▶ **ASSIGNMENT**
State the number of lines in the listing that contain "agent". No further words are expected.

▶ **DATA FOR THE TASK**
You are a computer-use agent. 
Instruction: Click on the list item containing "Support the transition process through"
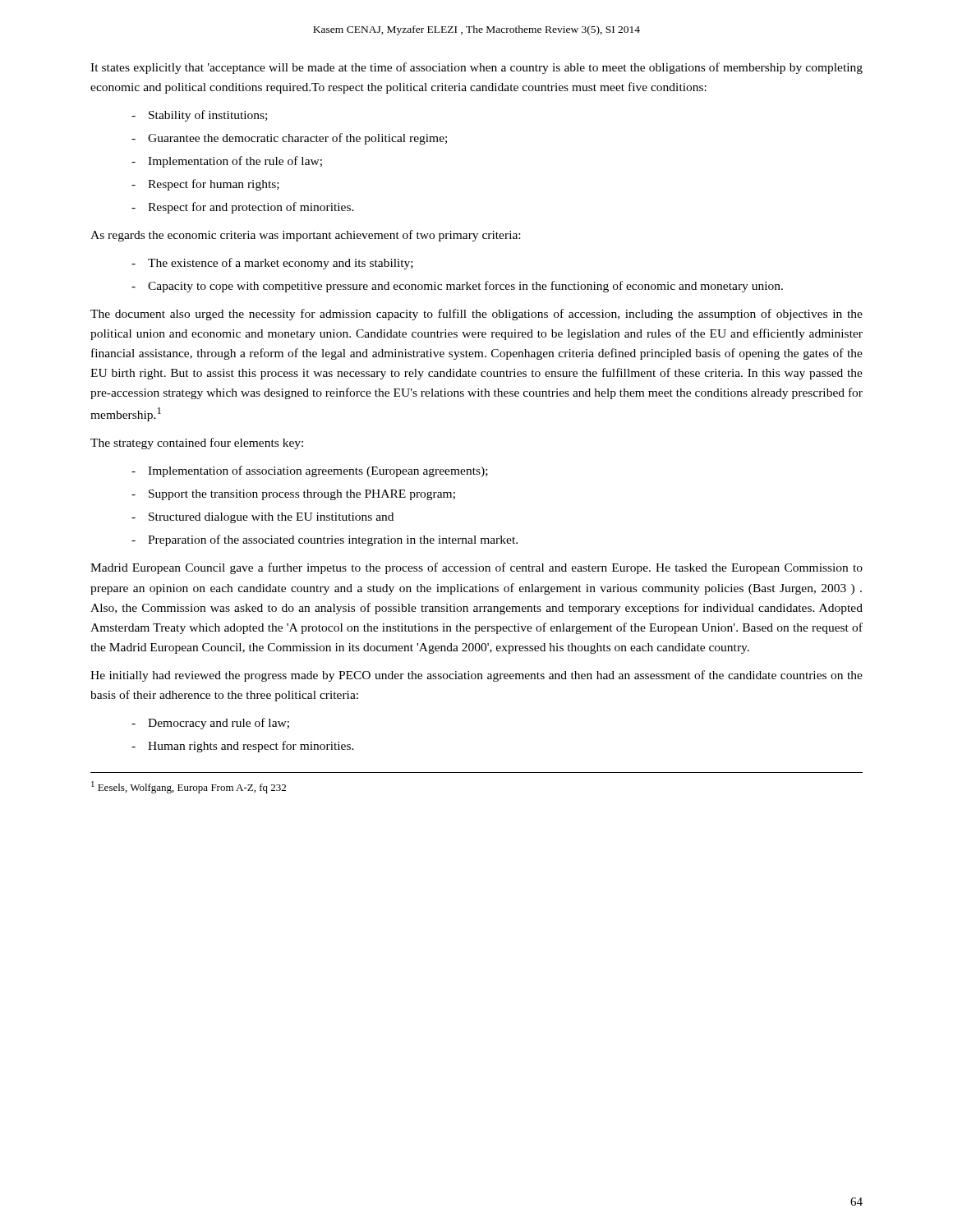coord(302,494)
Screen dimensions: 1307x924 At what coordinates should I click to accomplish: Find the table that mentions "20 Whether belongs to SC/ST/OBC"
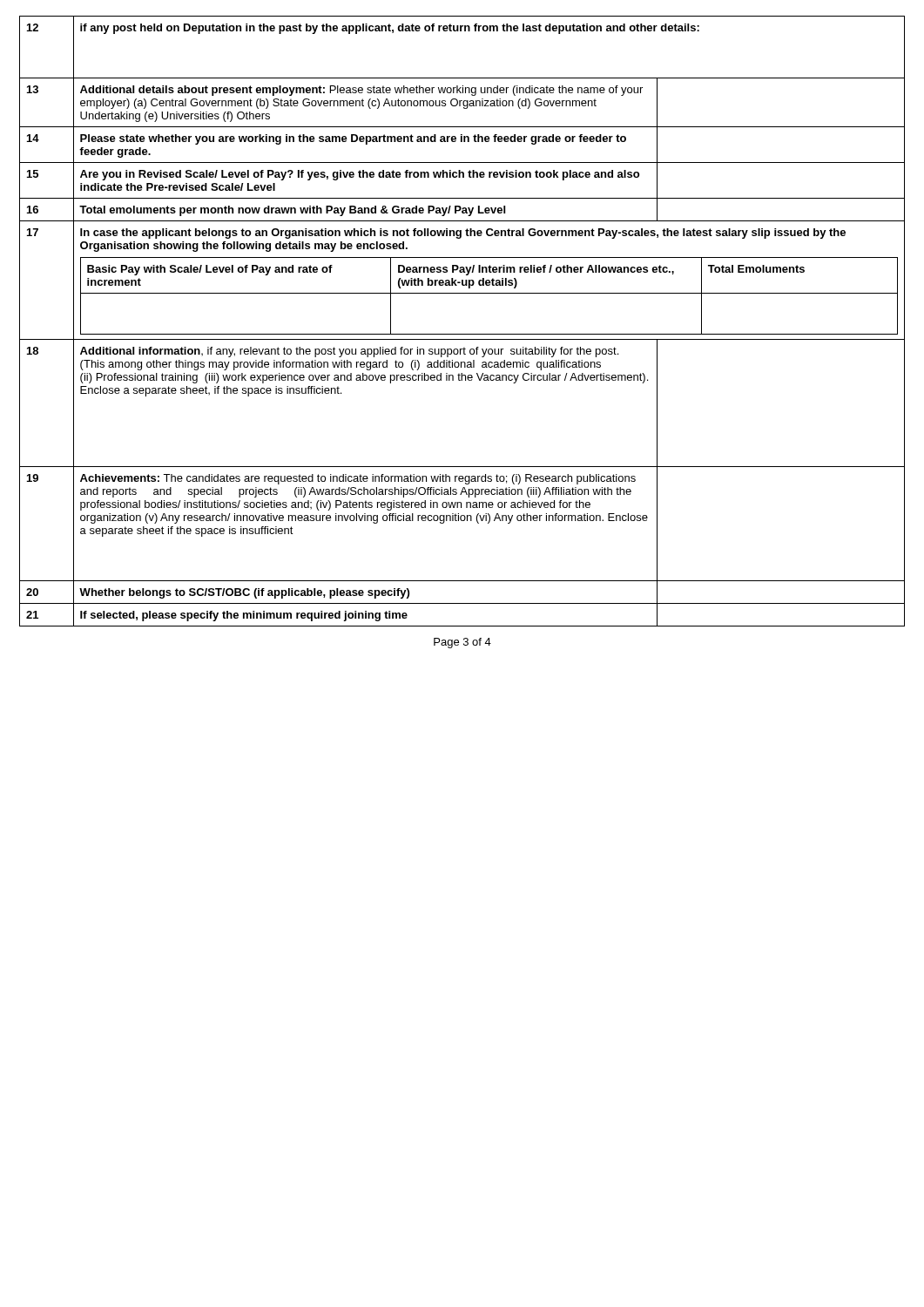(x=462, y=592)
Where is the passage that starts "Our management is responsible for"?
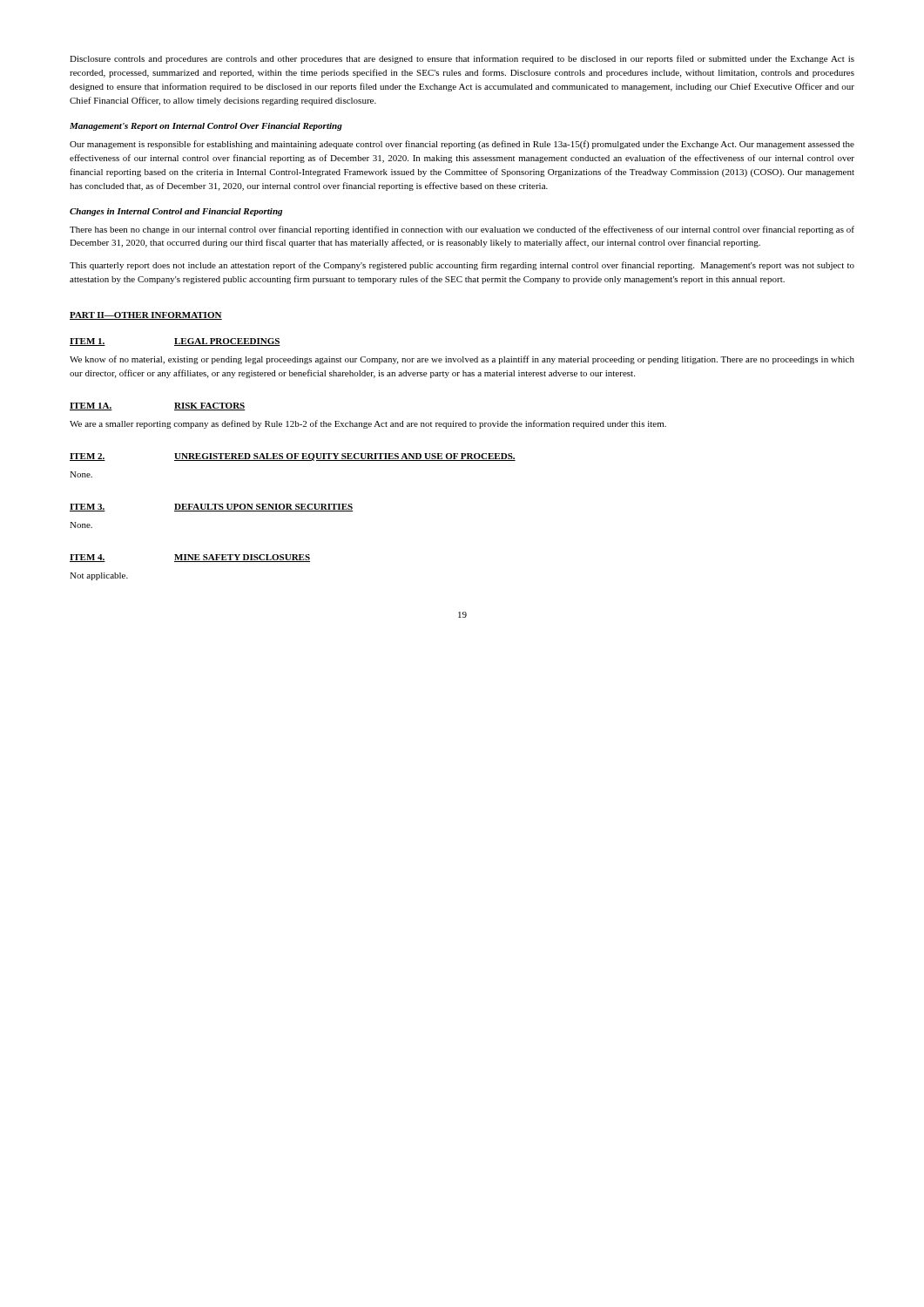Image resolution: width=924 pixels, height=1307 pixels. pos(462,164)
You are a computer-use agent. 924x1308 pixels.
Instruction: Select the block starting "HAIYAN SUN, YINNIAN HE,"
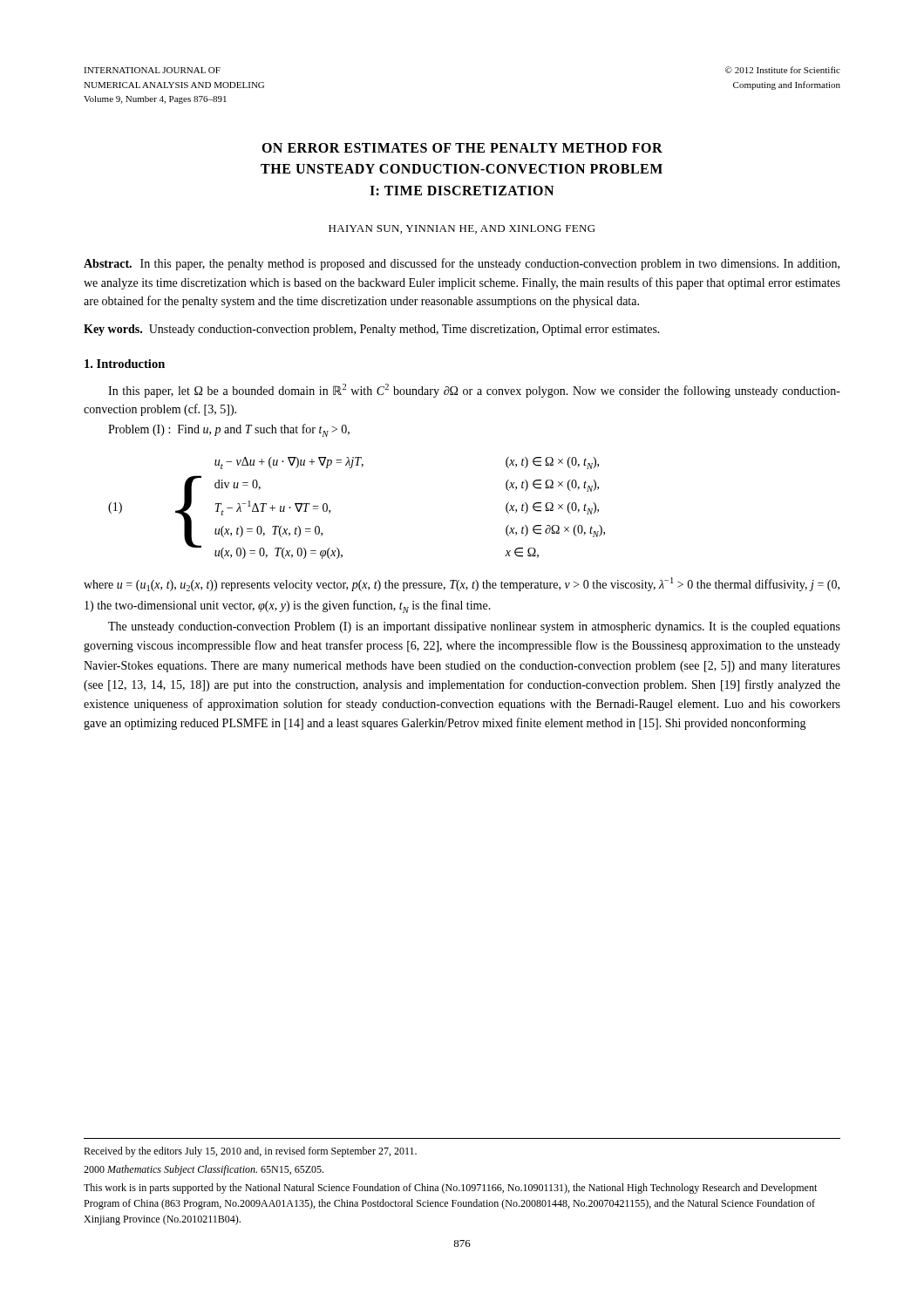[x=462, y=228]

▶ **OUTPUT**
2